Genetic characterization of clinical and agri-food isolates of multi drug resistant Salmonella enterica serovar Heidelberg from Canada

Abstract

Background: Salmonella enterica serovar Heidelberg ranks amongst the most prevalent causes of human salmonellosis in Canada and an increase in resistance to extended spectrum cephalosporins (ESC) has been observed by the Canadian Integrated Program for Antimicrobial Resistance Surveillance. This study examined the genetic relationship between S. Heidelberg isolates from livestock, abattoir, retail meat, and clinical human specimens to determine whether there was a link between the emergence of MDR S. Heidelberg in chicken agri-food sources and the simultaneous increase of MDR S. Heidelberg in human clinical samples.

Results: Chromosomal genetic homogeneity was observed by pulsed-field gel electrophoresis (PFGE), DNA sequence-based typing (SBT) and DNA microarray-based comparative genomic hybridization (CGH). Sixty one percent of isolates were indistinguishable by PFGE conducted using XbaI and BlnI restriction enzymes. An additional 15% of isolates had PFGE patterns that were closely related to the main cluster. SBT did not identify DNA polymorphisms and CGH revealed only genetic differences between the reference S. Typhimurium strain and S. Heidelberg isolates. Genetic variation observed by CGH between S. Heidelberg isolates could be attributed to experimental variation. Alternatively, plasmid content was responsible for differences in antimicrobial susceptibility, and restriction fragment length polymorphism (RFLP) analyses followed by replicon typing identified two divergent plasmid types responsible for ESC resistance.

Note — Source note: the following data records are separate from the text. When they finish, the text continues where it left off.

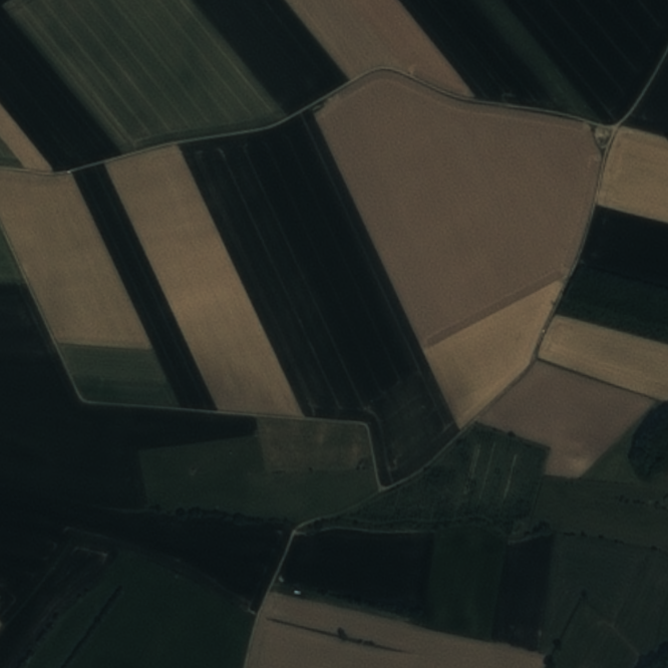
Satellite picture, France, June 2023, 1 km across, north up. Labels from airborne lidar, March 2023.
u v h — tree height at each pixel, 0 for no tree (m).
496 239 0
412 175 0
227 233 0
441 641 0
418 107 0
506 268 0
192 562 0
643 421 0
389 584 0
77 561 0
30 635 0
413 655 0
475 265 0
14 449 0
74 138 0
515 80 0
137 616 0
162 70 0
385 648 0
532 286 0
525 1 0
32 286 0
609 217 0
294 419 0
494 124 0
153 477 0
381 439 0
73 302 0
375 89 0
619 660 0
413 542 0
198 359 0
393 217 0
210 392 0
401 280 0
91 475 0
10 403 0
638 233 0
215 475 0
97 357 0
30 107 0
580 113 0
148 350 0
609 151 0
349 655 0
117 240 0
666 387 0
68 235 0
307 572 0
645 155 0
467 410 0
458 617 0
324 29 0
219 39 0
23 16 0
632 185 0
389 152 0
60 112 0
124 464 0
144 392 0
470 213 0
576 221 0
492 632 0
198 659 0
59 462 0
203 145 0
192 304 0
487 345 0
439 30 0
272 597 0
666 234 0
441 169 0
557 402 0
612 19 0
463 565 0
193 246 0
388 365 0
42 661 0
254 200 0
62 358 0
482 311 0
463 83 0
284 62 0
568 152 0
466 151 0
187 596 0
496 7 0
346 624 0
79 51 0
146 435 0
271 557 0
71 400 0
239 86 0
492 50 0
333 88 0
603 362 0
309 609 0
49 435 0
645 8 0
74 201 0
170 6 0
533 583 0
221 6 0
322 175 0
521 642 0
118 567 0
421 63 0
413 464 0
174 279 0
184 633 0
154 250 0
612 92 0
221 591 0
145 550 0
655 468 22
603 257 0
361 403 0
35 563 0
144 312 0
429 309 0
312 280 0
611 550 0
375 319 0
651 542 0
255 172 0
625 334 0
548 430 0
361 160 0
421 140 0
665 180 0
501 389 0
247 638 0
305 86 0
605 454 0
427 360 0
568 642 0
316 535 0
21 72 0
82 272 0
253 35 0
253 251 0
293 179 0
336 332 0
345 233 0
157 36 0
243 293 0
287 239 0
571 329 0
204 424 0
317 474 0
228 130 0
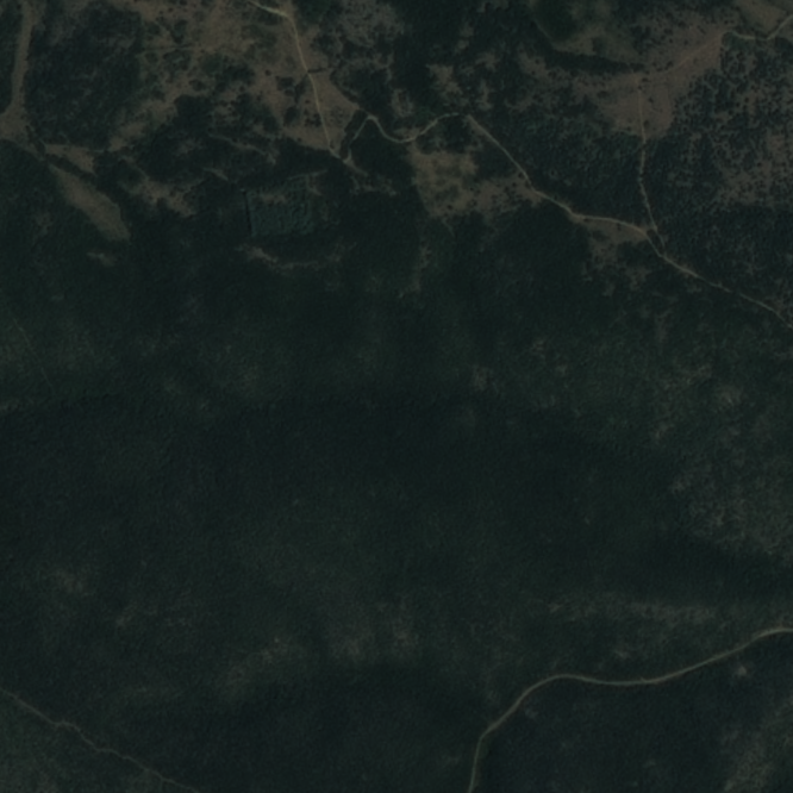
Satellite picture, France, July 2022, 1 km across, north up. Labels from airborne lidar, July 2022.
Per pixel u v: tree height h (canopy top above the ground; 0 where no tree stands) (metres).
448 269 7
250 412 9
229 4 0
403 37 7
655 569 7
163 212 7
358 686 7
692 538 7
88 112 6
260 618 5
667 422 7
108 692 5
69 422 7
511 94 7
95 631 8
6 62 8
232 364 5
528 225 7
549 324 6
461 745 6
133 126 0
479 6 9
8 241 7
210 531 6
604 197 8
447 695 7
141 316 9
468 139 7
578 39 0
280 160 5
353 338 6
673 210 9
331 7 6
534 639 7
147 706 7
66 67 5
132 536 6
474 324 11
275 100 0
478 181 8
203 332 5
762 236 8
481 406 9
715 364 6
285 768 6
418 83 7
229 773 6
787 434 6
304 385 9
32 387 10
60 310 6
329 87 0
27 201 6
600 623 5
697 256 7
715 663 10
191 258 7
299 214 11
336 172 7
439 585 6
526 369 6
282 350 7
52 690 6
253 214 14
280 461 6
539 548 6
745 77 7
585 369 7
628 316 5
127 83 6
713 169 9
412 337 11
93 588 6
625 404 7
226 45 0
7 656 5
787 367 6
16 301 7
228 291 6
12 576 6
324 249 5
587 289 6
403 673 6
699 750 7
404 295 7
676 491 7
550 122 8
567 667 7
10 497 7
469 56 7
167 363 8
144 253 10
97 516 6
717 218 7
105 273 7
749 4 0
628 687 8
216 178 6
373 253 8
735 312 6
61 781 7
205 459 8
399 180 6
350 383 8
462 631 6
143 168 7
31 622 7
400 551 7
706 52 0
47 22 8
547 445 9
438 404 10
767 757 6
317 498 5
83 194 0
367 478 7
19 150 7
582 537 6
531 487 6
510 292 6
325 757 6
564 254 8
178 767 6
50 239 7
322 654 5
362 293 6
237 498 5
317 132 0
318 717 5
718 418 6
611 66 6
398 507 6
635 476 6
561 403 6
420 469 6
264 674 5
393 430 7
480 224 7
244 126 6
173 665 7
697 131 7
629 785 6
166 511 6
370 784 5
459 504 6
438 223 6
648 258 7
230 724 7
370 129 6
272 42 0
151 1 0
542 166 8
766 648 7
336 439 6
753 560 7
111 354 7
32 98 6
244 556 6
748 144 8
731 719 6
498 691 5
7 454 6
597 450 10
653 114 0
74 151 0
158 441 7

Conclusion: Due to the overall limited genetic diversity among the isolates, it was not possible to identify variable traits that would be suitable for source tracking between human and agri-food isolates of S. Heidelberg in Canada.

Figure 1

Dendrogram of S. Heidelberg DNA macrorestriction patterns generated using XbaI. Strains were selected to present a diverse range of patterns. Dendrogram was created using Applied Maths Bionumerics version 4.0 using unweighted pair group method (UPGMA) with a dice coefficient of similarity, 1% band tolerance and 1.5% optimization. The scale bar indicates percent similarity.

Figure 2

DNA microarray-based comparative genomics of S. Heidelberg. Array probes represent the linear order of S. Typhimurium LT2 coding sequences from left to right, and with the Salmonella genomic island 1 (SGI1) present at the far-left side. White denotes similarity to LT2, green denotes putative divergence and red represents putative duplication or copy number change. The region STM0691–0704 which was putatively divergent between S. Heidelberg strains is represented by "A". Clusters of bacteriophage-related determinants that are divergent in S. Heidelberg compared to S. Typhimurium: B, STM0892–0929 (Fels-1 prophage); C, STM2584–2636 (Gifsy-1 prophage); D, STM2694–2739 (Fels-2 prophage).

Figure 3

RFLP of the bla_cmy-2 plasmid using BglII. Dendrogram created with Bionumerics version 4.0 using UPGMA with a fuzzy band coefficient of correlation, 2% optimization and 10% tolerance.A – indicates RFLP performed on the full plasmid profile isolated from resistant S. Heidelberg strains. B – indicates RFLP performed on the full plasmid profile from sensitive S. Heidelberg strains. No scale bar is reported due to the high band tolerance settings used in this analysis.